Gardening Pros and Cons

Pros And Cons Of Planting Bamboo In Gardens

By Shelley Pierce | March 13, 2018
And Mary H. Dyer
Image by PJ66431470

Pros And Cons Of Planting Bamboo In Gardens

by Shelley Pierce March 13, 2018
and Mary H. Dyer

Pros And Cons Of Planting Bamboo In Gardens

By Shelley Pierce | March 13, 2018
And Mary H. Dyer

What are the pros of planting bamboo in the garden, and are there any reasons not to grow bamboo? That is what’s at question here, and we hope to provide some insight into both sides of this common debate. Read on for information about bamboo benefits vs. bamboo disadvantages so you can decide which choice is best for you – to plant bamboo or not to plant bamboo.


Pros of Planting Bamboo

Mary’s viewpoint: There are countless good reasons to grow bamboo, a fast-growing plant that provides many benefits in the home garden and beyond. Let’s learn more about the many advantages of planting bamboo.

Versatility. There are more than 1,000 different types of bamboo in a nearly endless range of heights, colors and growing habits. Some prefer shade and others thrive in bright sunlight. Hardy varieties may tolerate winter chill to -20 F. (-29 C.), while some types can’t tolerate a light frost. There’s bound to be a perfect bamboo for your particular situation.

Pest resistance. Bamboo is definitely not on top of the food list for deer, which for many gardeners is one of the best reasons to grow bamboo. Rabbits and other mammals also tend to stay away. Bamboo is rarely bothered by insect pests, with the exception of bamboo mites, which may be a problem in dry climates.

Environmental benefits. Bamboo absorbs greenhouse gases and releases oxygen into the atmosphere. It is also a renewable resource that may help save the world’s dwindling forests. A hardwood forest isn’t replaced for many decades, but bamboo, among the world’s fastest-growing plants, can be harvested in one to five years, depending on the species. Because of its extensive root system, prevention of soil erosion is a valuable bamboo benefit in many soil-depleted areas.

Aggressiveness. Bamboo has a well-deserved reputation for invasiveness, but not all types are rampant spreaders. If you’re worried that it will get out of control, plant clumping bamboo, a well-behaved bamboo that spreads only about an inch (2.5 cm.) per year. Clumping bamboo isn’t as gigantic either, topping out at about 6 feet (2 m.).

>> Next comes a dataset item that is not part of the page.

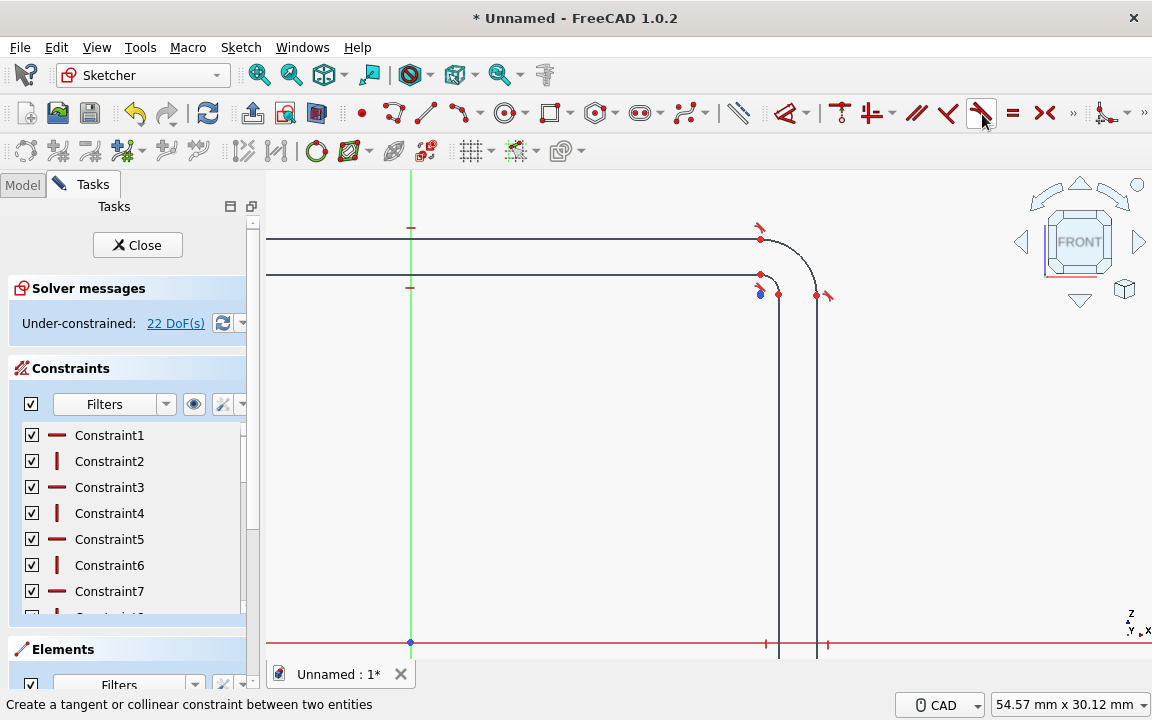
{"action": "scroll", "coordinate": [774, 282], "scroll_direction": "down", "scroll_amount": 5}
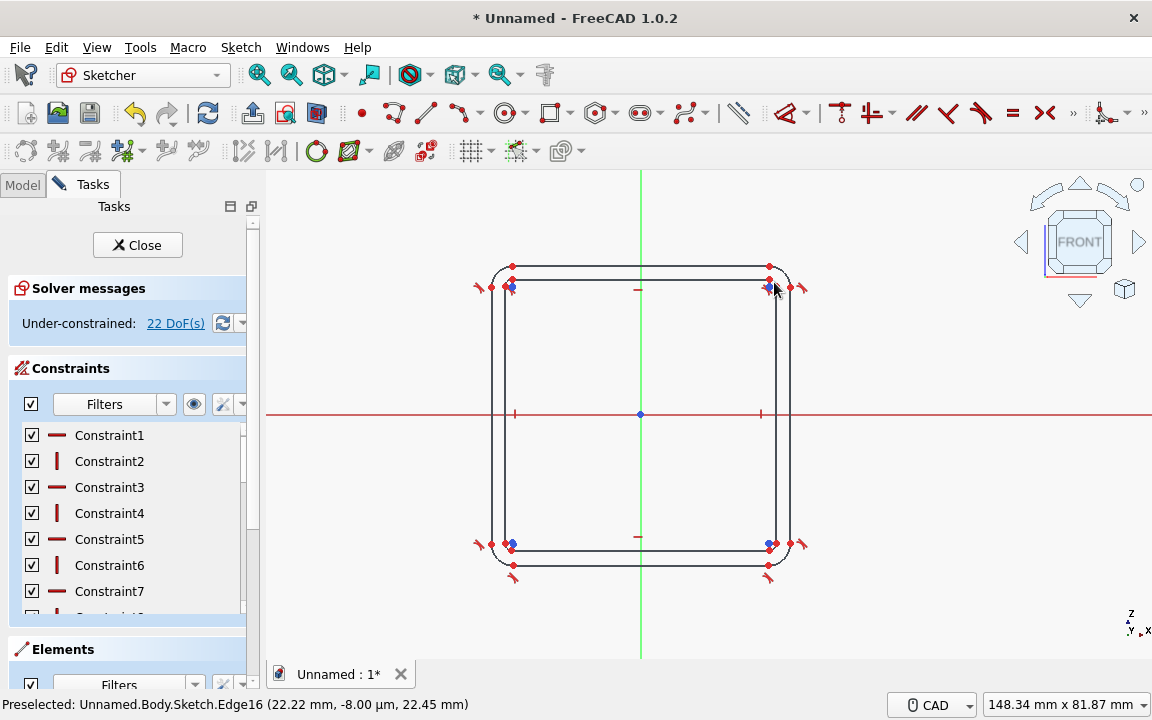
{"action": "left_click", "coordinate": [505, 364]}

Easy to grow. Pros of bamboo include the plant’s easy growth habits. As long as the climate is right, bamboo grows in nearly any type of reasonably fertile well-drained soil. It requires little maintenance and is relatively drought tolerant, although it performs better with regular irrigation.

Privacy screening. Bamboo is an attractive, inexpensive, fast-growing privacy screen. If invasiveness isn’t a concern, running types can grow more than 3 feet (1 m.) per day. Climbing types take a little longer to fill in.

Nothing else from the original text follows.